Herederos forzosos: la legítima. Derecho Civil Común y Derecho Civil Catalán.
- 15 mar 2016
- 3 min de lectura
La legítima es aquella parte de la herencia que la persona que fallece, el causante, no puede asignar libremente a quién quiera, sino que está destinada a una serie de personas que vienen indicadas en la ley, conocidas como herederos forzosos o legitimarios.
Por tanto e independientemente de que se haya otorgado o no testamento, éstas personas tienen derecho a recibir una parte del patrimonio del fallecido.
En el Código Civil viene regulada en los artículos 806 y ss., mientras que el Código Civil Catalán viene regulada en los artículos 451 – 1 y ss.
A continuación determinaremos una serie de características de esta figura del Derecho de Sucesiones indicando las especialidades que encontramos en el Derecho Civil Catalán.
Sujetos que tienen derecho a percibir la legítima:
- El Derecho Civil Común determina que se consideran herederos forzosos los siguientes:
Los hijos y descendientes respecto de sus padres y ascendientes.
A falta de los anteriores, los padres y ascendientes respecto de sus hijos y descendientes.
El viudo o viuda en la forma y medida que establece este Código.
- Mientras que el Derecho Civil Catalán considera legitimarios:
Los hijos del descendiente por partes iguales.
En el caso de que los anteriores hayan fallecido antes que el causante, desheredados justamente, declarados indignos y o estén ausentes serán representados por sus respectivos descendientes por estirpes.
Por último, si no existieran descendientes serán legitimarios los progenitores por mitad y si solo sobreviviera uno de ellos, a éste le corresponde la totalidad de la legítima.
Proporción que corresponde a cada legitimario:
- Derecho Civil Común:
A los hijos y descendientes les corresponden 2/3 del haber hereditario de sus padres. Aunque éstos podrán disponer de una parte de las dos que forman la legítima, para aplicarla como mejora a sus hijos o descendientes.

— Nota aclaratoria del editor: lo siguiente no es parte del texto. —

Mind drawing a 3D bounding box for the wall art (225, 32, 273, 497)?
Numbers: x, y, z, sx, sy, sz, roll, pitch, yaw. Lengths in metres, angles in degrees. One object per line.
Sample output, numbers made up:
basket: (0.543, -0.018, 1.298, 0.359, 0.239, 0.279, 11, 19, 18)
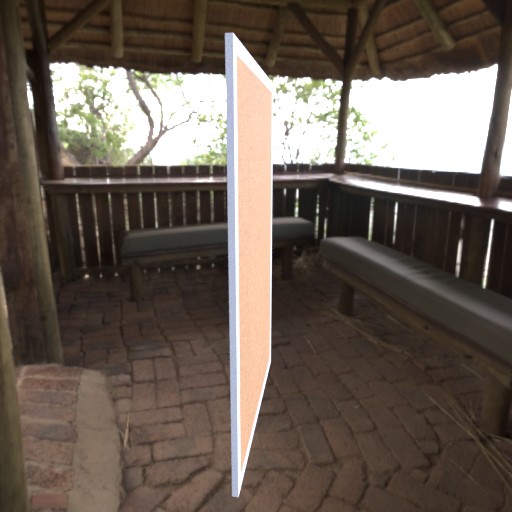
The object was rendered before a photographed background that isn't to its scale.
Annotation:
wall art: (0.000, 0.000, 1.208, 0.015, 0.965, 0.660, 2, 14, 8)

A los padres y ascendientes les corresponde la mitad del haber hereditario de sus hijos y descendientes, a no ser que concurran con el cónyuge viudo, en cuyo caso les corresponde 1/3 de la herencia.
El cónyuge viudo tendrá un derecho de usufructo sobre el tercio de mejora si concurre en la herencia con hijos y descendientes. Si concurre con ascendientes tendrá derecho un derecho de usufructo sobre la mitad de la herencia. Por último, si no existieran ni ascendientes, ni descendientes, el cónyuge tendría derecho al usufructo de 2/3 de la herencia.
Para el cálculo de la legítima hay que restar al valor de los bienes que quedasen a la muerte del causante las deudas y cargas y sumar el valor de las donaciones colacionables que éste hizo en vida.
- Derecho Civil Catalán:
La cantidad a repartir entre todos los legitimarios que existan será una cuarta parte de la cantidad base que se obtiene de realizar los siguientes cálculos:
Al valor que los bienes de la herencia tienen en el momento de la muerte del causante, hay que restarle las deudas y los gastos derivados de la última enfermedad, entierro o incineración.
A este resultado se le añaden los bienes dados o enajenados a título gratuito por el causante en los diez años anteriores a su muerte. El valor de los bienes donados que sean imputable a la legítima deben computarse independientemente de la fecha de donación.
Para determinar el valor de los bienes objeto de las donaciones o de otros actos dispositivos computables hay que acudir al momento de la muerte el causante, restándole los gastos útiles sobre los bienes donados y el importe de los gastos extraordinarios de conservación o reparación, no causados por su culpa, que haya sufragado el donatario. Pero hay que sumar a este valor la estimación de los deterioros originador por culpa del donatario y que puedan disminuir su valor.
Si el donatario ha enajenado los bienes dados o éstos se han perdido por su culpa, se añade, al valor líquido que resulta de aplicar el primer punto, el valor que tienen o habrían tenido en el momento de la muerte del causante.